Source: https://www.codot.gov/safety/traffic-safety/data-analysis/crash-data

In [1]:
import pandas as pd
import numpy as np

In [2]:
# input file list (2021 & newer only, older files follow a different format)
files = ['CDOTRM_CD_Crash_Listing_-_2021.xlsx',
         'CDOTRM_CD_Crash_Listing_-_2022.xlsx',
         'CDOTRM_CD_Crash_Listing_-_2023.xlsx',
         'CDOTRM_CD_Crash_Listing_-_2024.xlsx'
        ]

# create an empty dataframe to populate with each year's data
all_crashes = pd.DataFrame()

In [3]:
def process_crashes(crashes):
    # Save only crashes in Longmont
    crashes = crashes.loc[crashes.City == 'LONGMONT'].copy()

    # replace CUID with year-CUID
    crashes['CUID'] = crashes['Crash Date'].dt.year.astype(str)+'-'+crashes['CUID'].astype(str)

    # Flag accidents where vehicles were speeding (1=yes, 0=no)
    crashes['TU-1 Speeding'] =  np.where(crashes['TU-1 Estimated Speed'] > crashes['TU-1 Speed Limit'], 1, 0)
    crashes['TU-2 Speeding'] =  np.where(crashes['TU-2 Estimated Speed'] > crashes['TU-2 Speed Limit'], 1, 0)

    # Fill nan values with empty string
    crashes = crashes.fillna('')
    
    return crashes

In [4]:
print('Processing:')

for file in files:

    print('\t'+file)
    
    # read each file into a dataframe (calamine engine is many times faster than the default
    #    openpyxl engine
    temp_df = pd.read_excel(file, header = 0, engine='calamine')

    # call function to clean data
    processed_df = process_crashes(temp_df)
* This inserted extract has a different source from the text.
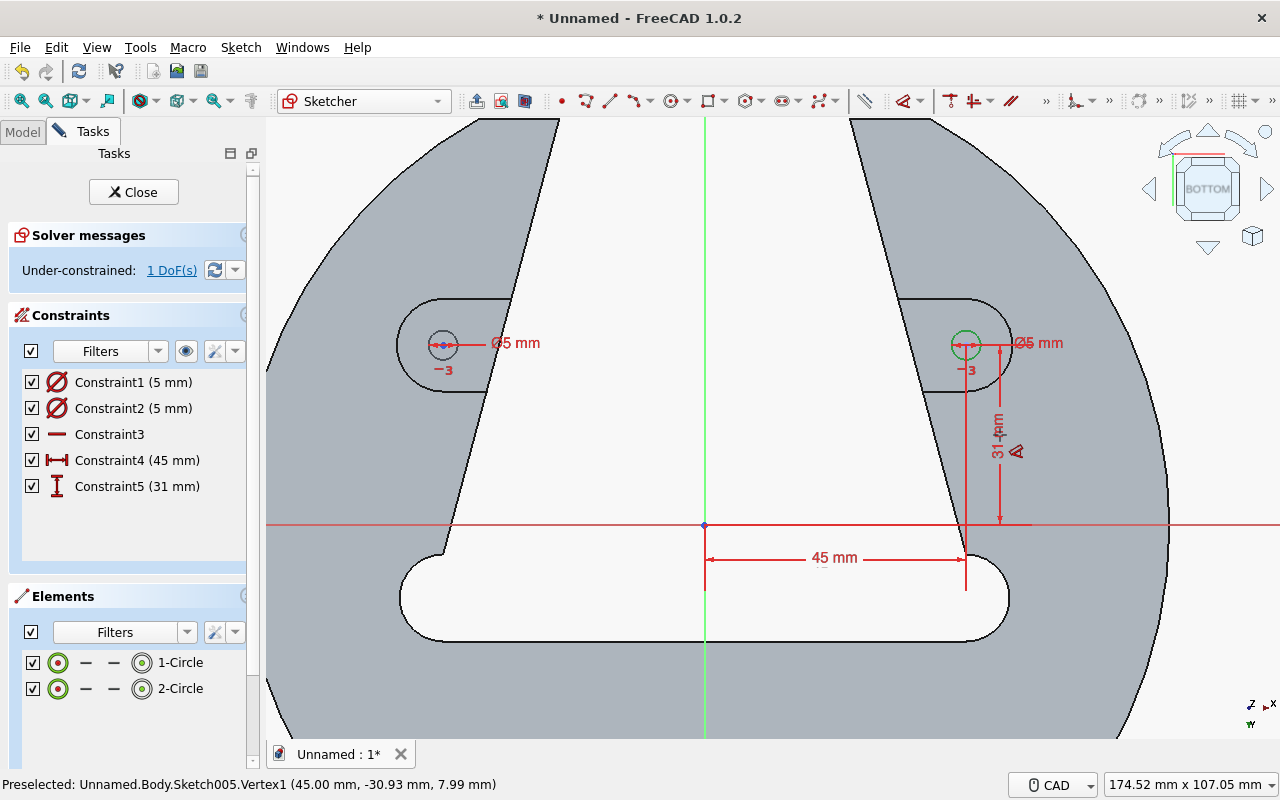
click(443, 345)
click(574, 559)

    # concatenate newly processed dataframe to previously cleaned data
    all_crashes = pd.concat([all_crashes, processed_df], ignore_index = True)

print('Finished')

Processing:
	CDOTRM_CD_Crash_Listing_-_2021.xlsx
	CDOTRM_CD_Crash_Listing_-_2022.xlsx
	CDOTRM_CD_Crash_Listing_-_2023.xlsx
	CDOTRM_CD_Crash_Listing_-_2024.xlsx
Finished


In [5]:
# Create a list of unwanted columns to drop
drop_columns = ['Agency Id',
                'City',
                'County',
                'Rd_Section',
                'Rd_Number',
                'Record Status',
                'Processing Status',
                'Last Updated',
                'Link'
               ]

all_crashes.drop(drop_columns, inplace=True, axis=1)

# write everything to csv
all_crashes.to_csv('longmont_crashes.csv', sep=',')